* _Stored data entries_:
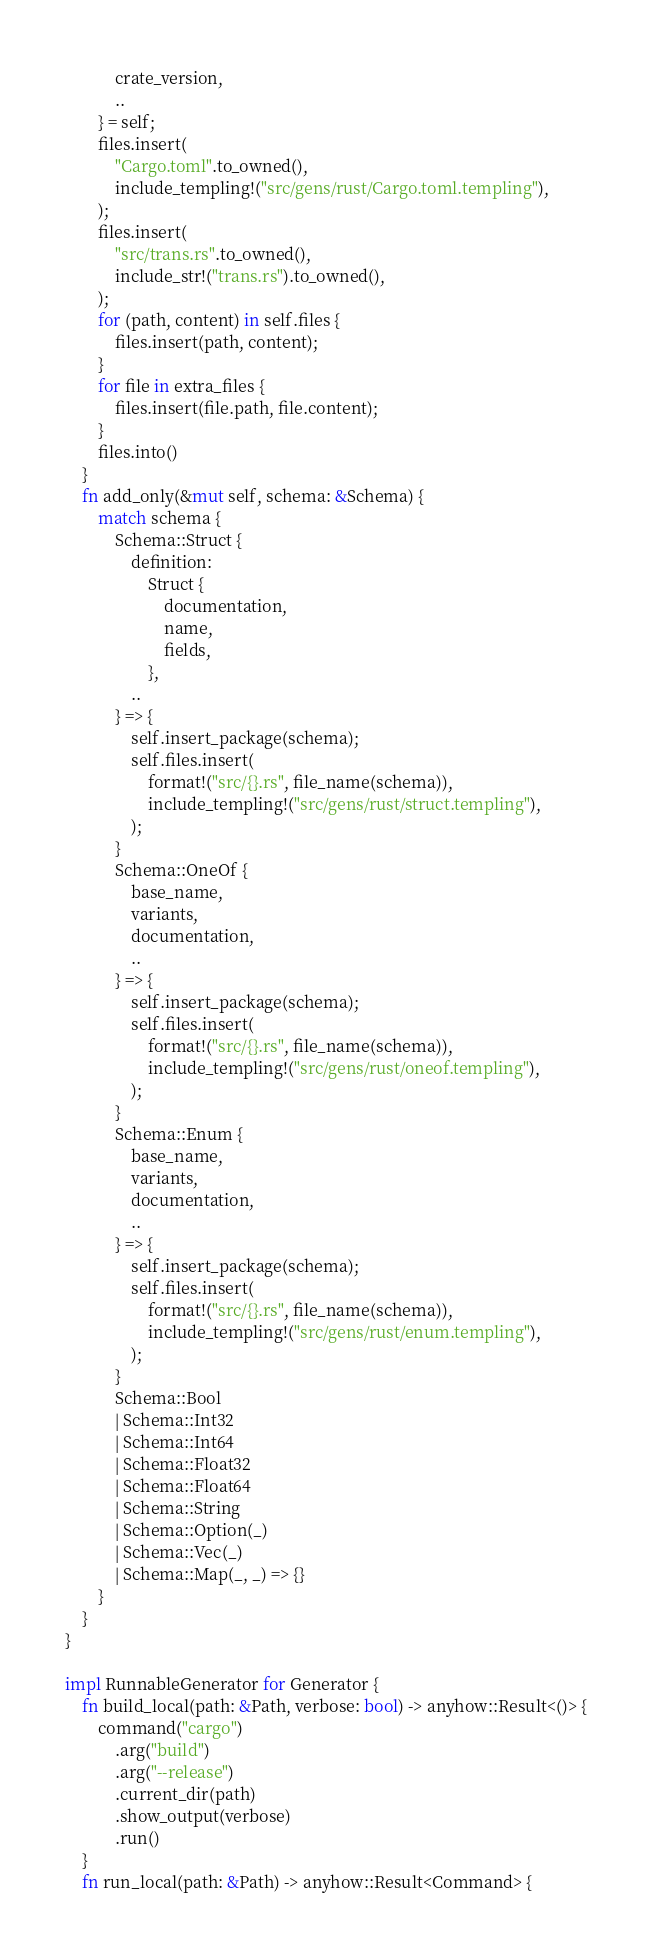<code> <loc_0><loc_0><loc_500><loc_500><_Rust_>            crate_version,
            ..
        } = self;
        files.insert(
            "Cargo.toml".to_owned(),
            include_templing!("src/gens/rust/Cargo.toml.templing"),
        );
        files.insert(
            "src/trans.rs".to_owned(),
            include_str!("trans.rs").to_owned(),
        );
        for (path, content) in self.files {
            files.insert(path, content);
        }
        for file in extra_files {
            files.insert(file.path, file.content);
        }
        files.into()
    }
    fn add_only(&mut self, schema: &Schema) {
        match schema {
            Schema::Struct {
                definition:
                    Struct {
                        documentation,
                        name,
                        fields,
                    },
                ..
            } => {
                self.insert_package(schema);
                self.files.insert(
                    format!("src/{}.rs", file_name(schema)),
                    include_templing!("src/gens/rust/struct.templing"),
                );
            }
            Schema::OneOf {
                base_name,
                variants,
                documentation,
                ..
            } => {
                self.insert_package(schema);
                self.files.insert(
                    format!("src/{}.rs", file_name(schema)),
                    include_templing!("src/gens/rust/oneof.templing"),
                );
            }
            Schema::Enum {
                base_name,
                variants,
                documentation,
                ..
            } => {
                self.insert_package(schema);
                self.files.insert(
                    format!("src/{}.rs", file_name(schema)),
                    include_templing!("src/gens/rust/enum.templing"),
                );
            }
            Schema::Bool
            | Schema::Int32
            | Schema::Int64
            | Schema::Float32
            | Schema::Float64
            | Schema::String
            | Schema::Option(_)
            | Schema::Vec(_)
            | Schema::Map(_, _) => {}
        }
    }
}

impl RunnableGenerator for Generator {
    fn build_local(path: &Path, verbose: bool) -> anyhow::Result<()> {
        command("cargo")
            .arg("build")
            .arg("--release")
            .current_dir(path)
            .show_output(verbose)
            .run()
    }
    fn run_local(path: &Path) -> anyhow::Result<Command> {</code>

* _Task objective_:
With the line that has "files.insert(file.path, file.content);" as the first and the line that has "impl RunnableGenerator for" as the last, repeat exactly that run of lines above and no more.

* _Written answer_:
            files.insert(file.path, file.content);
        }
        files.into()
    }
    fn add_only(&mut self, schema: &Schema) {
        match schema {
            Schema::Struct {
                definition:
                    Struct {
                        documentation,
                        name,
                        fields,
                    },
                ..
            } => {
                self.insert_package(schema);
                self.files.insert(
                    format!("src/{}.rs", file_name(schema)),
                    include_templing!("src/gens/rust/struct.templing"),
                );
            }
            Schema::OneOf {
                base_name,
                variants,
                documentation,
                ..
            } => {
                self.insert_package(schema);
                self.files.insert(
                    format!("src/{}.rs", file_name(schema)),
                    include_templing!("src/gens/rust/oneof.templing"),
                );
            }
            Schema::Enum {
                base_name,
                variants,
                documentation,
                ..
            } => {
                self.insert_package(schema);
                self.files.insert(
                    format!("src/{}.rs", file_name(schema)),
                    include_templing!("src/gens/rust/enum.templing"),
                );
            }
            Schema::Bool
            | Schema::Int32
            | Schema::Int64
            | Schema::Float32
            | Schema::Float64
            | Schema::String
            | Schema::Option(_)
            | Schema::Vec(_)
            | Schema::Map(_, _) => {}
        }
    }
}

impl RunnableGenerator for Generator {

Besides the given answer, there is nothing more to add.